Despite their clandestine operations, the following specific incidents and victims have been publicly identified as being perpetrated by the Brigade:

- Arbitrary detention, torture and forced disappearance of LC23S member Jesús Piedra Ibarra.
- Arbitrary detention, torture and forced disappearance of LC23S member Alicia de los Ríos Merino. Members of the brigade interrogated her in order to identify compounds of the LC23S.
- Arbitrary detention, torture and imprisonment of LC23S member Mario "El Guaymas" Álvaro Cartagena López.
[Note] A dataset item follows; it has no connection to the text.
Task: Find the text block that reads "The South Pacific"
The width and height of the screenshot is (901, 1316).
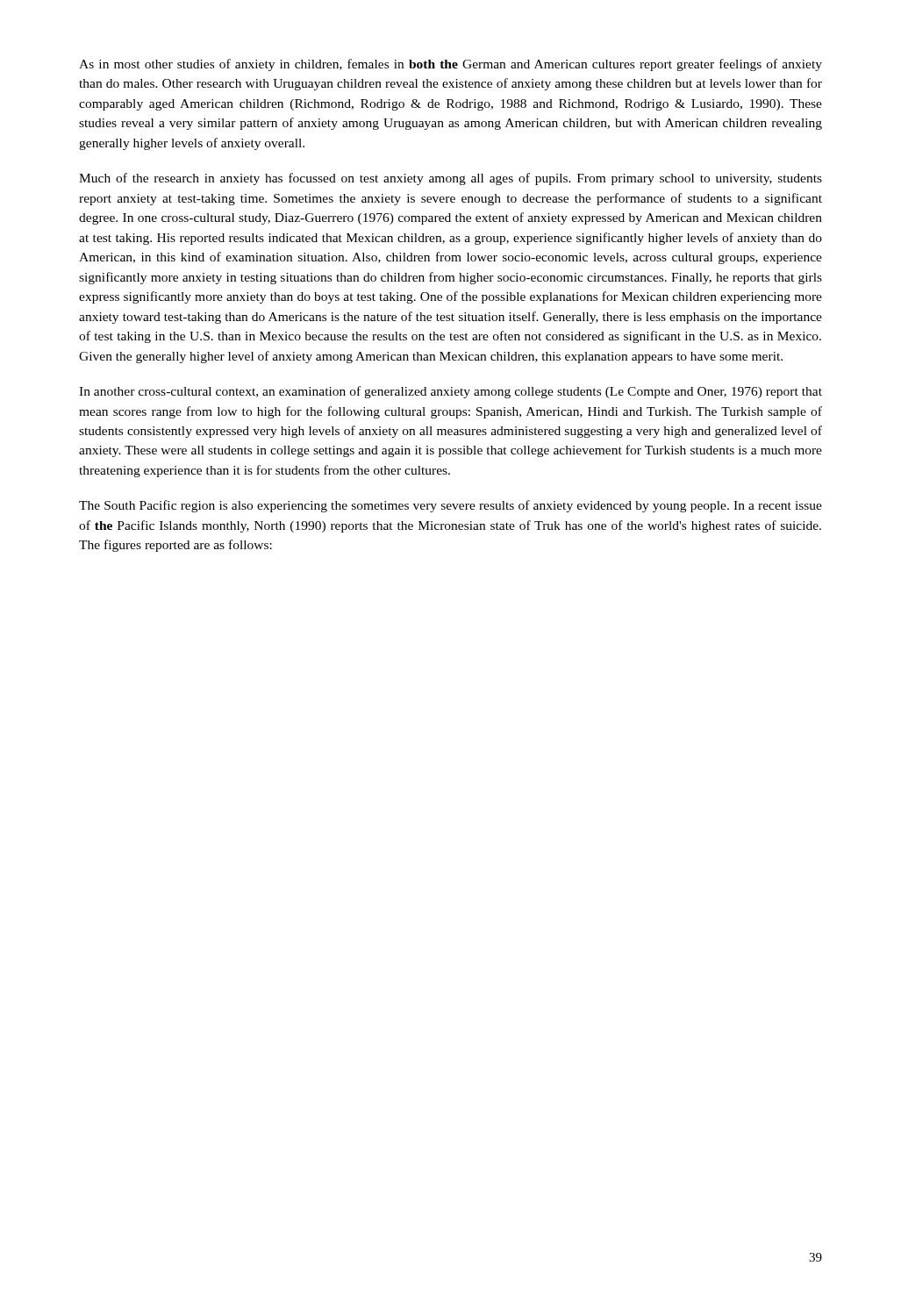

Cartagena affirmed that it was José Salomón Tanus who tortured him in Campo Militar Número Uno.
- Arbitrary detention, illegal imprisonment, torture and forced disappearance of LC23S member Leticia Galarza Campos.
- Arbitrary detention, torture and illegal imprisonment of LC23S member Alfredo Medina Vizcaíno.
- Arbitrary detention, torture and illegal imprisonment of LC23S member Wenceslao "Sam" José García.

== Aftermath ==
Family members of victims of the Brigada Blanca engaged in protests and other forms of civil disobedience in attempts to stop the organization. In 1978 the mothers of victims organized a hunger strike, seeking to draw attention to the brigade's operations and demanded the return of their missing family members.

In response the government of José López Portillo enacted the Amnesty Law of 1978, without organizing judicial investigations. In 1988 Carlos Salinas de Gortari met with family members of the victims, again without any investigations or judicial actions against the brigade proposed.

In 2001 a report from the National Human Rights Commission of Mexico found evidence the brigade and its insurgents were responsible for the assassination, disappearance and torture of 275 people. In 2002, the Consejo de Guerra Militar de la Procuraduría General de Justicia Militar put general Mario Acosta Chaparro and general coordinator of the brigade Francisco Quirós Hermosillo on trial. Among the accusations made by the prosecution was the formation of the brigade "without legal basis, whose tactics were completely illegal." Both Acosta and Quirós were demoted from their military positions.

In 2020 the Government of Mexico inaugurated the Circular de Morelia memorial site in the former offices of the brigade.